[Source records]
================================
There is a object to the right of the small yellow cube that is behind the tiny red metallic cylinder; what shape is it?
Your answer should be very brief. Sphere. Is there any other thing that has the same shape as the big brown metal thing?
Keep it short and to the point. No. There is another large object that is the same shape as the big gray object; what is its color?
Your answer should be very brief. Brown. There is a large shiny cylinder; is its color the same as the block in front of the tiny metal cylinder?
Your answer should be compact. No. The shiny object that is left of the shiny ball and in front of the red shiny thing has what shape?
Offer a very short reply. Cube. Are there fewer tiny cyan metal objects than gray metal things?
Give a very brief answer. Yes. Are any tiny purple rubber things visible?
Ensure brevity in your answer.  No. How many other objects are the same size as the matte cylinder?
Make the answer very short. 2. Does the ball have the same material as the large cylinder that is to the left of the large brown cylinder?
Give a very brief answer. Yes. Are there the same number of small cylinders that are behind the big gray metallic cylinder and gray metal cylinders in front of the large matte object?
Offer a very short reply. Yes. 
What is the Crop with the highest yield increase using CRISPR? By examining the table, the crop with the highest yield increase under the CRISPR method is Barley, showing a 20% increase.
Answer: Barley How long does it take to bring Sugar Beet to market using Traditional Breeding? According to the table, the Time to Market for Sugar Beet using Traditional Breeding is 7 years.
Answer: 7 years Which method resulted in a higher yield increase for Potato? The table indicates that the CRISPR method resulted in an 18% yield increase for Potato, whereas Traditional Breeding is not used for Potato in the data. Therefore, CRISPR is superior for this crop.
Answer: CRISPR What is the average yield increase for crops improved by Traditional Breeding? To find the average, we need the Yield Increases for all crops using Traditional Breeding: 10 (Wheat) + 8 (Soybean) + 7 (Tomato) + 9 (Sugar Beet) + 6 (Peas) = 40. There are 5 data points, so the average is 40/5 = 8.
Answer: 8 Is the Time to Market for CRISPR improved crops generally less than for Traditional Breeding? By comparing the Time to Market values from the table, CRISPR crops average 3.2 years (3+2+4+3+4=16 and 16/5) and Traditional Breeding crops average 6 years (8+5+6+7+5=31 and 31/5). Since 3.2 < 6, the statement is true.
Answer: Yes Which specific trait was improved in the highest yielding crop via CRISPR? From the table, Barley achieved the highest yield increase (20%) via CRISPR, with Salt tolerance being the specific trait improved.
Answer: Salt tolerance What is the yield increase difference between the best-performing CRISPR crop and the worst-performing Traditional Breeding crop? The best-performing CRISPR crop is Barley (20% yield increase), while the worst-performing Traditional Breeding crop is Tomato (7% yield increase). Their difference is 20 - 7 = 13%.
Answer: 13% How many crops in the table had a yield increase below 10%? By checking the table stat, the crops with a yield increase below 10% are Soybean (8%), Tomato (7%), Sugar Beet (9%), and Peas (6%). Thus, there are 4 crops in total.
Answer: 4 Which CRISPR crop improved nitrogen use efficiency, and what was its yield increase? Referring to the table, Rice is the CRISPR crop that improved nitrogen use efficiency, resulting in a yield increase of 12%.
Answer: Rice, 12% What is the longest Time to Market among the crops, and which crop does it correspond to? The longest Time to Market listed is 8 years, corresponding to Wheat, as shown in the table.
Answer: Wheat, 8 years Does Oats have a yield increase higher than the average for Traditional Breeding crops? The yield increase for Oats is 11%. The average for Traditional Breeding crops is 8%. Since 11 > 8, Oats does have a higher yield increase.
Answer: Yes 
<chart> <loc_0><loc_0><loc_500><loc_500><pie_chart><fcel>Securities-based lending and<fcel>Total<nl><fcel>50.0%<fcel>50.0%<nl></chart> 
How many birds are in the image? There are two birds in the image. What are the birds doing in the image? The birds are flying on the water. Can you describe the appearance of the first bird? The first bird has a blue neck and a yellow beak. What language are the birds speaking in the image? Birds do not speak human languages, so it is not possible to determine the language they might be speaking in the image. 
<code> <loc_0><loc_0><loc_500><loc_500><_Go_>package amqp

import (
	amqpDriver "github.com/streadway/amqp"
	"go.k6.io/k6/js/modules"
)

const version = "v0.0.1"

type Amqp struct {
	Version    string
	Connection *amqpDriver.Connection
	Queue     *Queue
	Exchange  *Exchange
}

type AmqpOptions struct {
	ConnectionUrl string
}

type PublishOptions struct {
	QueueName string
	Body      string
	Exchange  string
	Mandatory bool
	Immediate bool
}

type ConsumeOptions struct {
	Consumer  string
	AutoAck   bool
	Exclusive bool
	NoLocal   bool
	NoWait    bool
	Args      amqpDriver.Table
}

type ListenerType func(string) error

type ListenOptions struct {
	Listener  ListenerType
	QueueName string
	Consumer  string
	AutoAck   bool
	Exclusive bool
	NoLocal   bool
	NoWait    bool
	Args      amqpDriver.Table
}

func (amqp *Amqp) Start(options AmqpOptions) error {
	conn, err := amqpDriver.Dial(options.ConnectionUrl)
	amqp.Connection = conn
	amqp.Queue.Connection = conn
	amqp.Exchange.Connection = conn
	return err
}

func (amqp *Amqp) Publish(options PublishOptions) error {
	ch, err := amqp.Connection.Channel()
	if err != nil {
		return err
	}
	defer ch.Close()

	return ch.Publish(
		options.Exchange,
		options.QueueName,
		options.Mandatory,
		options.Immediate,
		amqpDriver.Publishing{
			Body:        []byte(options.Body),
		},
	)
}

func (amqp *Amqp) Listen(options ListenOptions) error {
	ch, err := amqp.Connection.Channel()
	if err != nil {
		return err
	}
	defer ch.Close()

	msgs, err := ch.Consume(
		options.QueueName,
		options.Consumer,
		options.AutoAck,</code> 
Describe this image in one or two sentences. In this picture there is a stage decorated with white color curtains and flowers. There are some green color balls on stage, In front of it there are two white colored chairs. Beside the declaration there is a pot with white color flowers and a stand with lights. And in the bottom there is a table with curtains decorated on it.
================================
WORK INSTRUCTION –
Go through the data above and find the lines with the word "short". Copy each of those lines.

RESULT BELOW –
Keep it short and to the point. No. There is another large object that is the same shape as the big gray object; what is its color?
Offer a very short reply. Cube. Are there fewer tiny cyan metal objects than gray metal things?
Make the answer very short. 2. Does the ball have the same material as the large cylinder that is to the left of the large brown cylinder?
Offer a very short reply. Yes. 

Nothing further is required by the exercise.